Но тезис этот, доныне повторяемый во всех французских биографиях Валевской, вызывает серьезные сомнения, в особенности потому, что некоторые фактические ошибки в передаче родового биографа указывают на то, что у нашей Данаи из Ловича что-то там в воспоминаниях поднапутано.
Например, откуда взялся Коллонтай? Валевская отводит ему в генезисе своего романа довольно существенную роль. Он редактирует правительственный мемориал, он вместе с князем Юзефом рьяно уговаривает ее вступить в связь с Наполеоном. Но все это неправда. Коллонтай никогда не принадлежал к властям наполеоновской Польши, и вообще его не было в это время в Варшаве. После освобождения из австрийской тюрьмы он постоянно проживал на Волыни под бдительным надзором царской полиции, и как раз в январе 1807 года он по ряду причин вынужден был выехать в Москву.

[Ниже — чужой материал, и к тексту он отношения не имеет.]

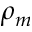Convert formula to latex. <formula><loc_0><loc_0><loc_500><loc_500>\rho _ { m }</formula>

На территории Варшавского Княжества он появился только в 1810 году.
Эта явная ошибка (или умышленная фальсификация) в столь существенной детали подвергает сомнению весь рассказ. Ведь если Валевская выдумала участие в своем деле Коллонтая, то могла выдумать и князя Юзефа, а также этот пресловутый мемориал, «подписанный всеми членами правительства». Возможность такой мистификации кажется мне более вероятной, чем официальное участие временного правительства в своднической сделке.
Весьма возможно, что с любовью Наполеона к польке действительно первоначально связывали определенные политические чаяния. Весьма возможно, что сопротивление камергерши действительно сламывали патриотическим шантажом. Но трудно поверить, что выглядело это именно так, как в рассказе Валевской, переданном нам Орнано и (с незначительными отличиями) Массовом.
Рассказ Валевской мог быть с полным доверием принят французскими интерпретаторами ее воспоминаний, но польский биограф вынужден отнестись к ним недоверчиво и с подозрением. Прежде всего потому, что одно отношение к фавориткам монархов было во Франции и другое – в Польше. Во Франции, в соответствии с многовековой традицией, фаворитка короля была общепризнанным политическим институтом. Любовница Людовика XV мадам Помпадур свергала правительства, принимала послов, отдавала приказания полководцам, вела переговоры с европейскими монархами. У ее преемницы, мадам Дюбарри, сидели в передних министры и епископы, а коронованные гости при версальском дворе считали своим долгом наносить ей визиты вежливости.
В Польше дело выглядело несколько иначе. Фаворитка монарха была его личной слабостью, стыдливо укрываемой от мира. Она не оказывала влияния на политическую жизнь и не выступала официально. К ее протекции охотно прибегали, но делали это скрытно, как пользуются протекцией доверенного лакея. Если ее и принимали в свете, то только как чью-нибудь официальную жену, интимные отношения ее с государем оставались по молчаливому уговору тайной. Даже известная пани Грабовская, многолетняя сожительница последнего польского короля Станислава-Августа, чьи дети от короля воспитывались в королевском дворце, хотя их происхождение всегда приписывали бедному генералу Грабовскому. Фавориток, не оберегаемых хотя бы видимостью легальности, повсюду считали обычными распутницами. Это была глубоко укоренившаяся традиция. Читатели моей книги «Племянник короля» помнят, как дерзко поступил со всемогущей мадам Дюбарри молодой князь Станислав Понятовский.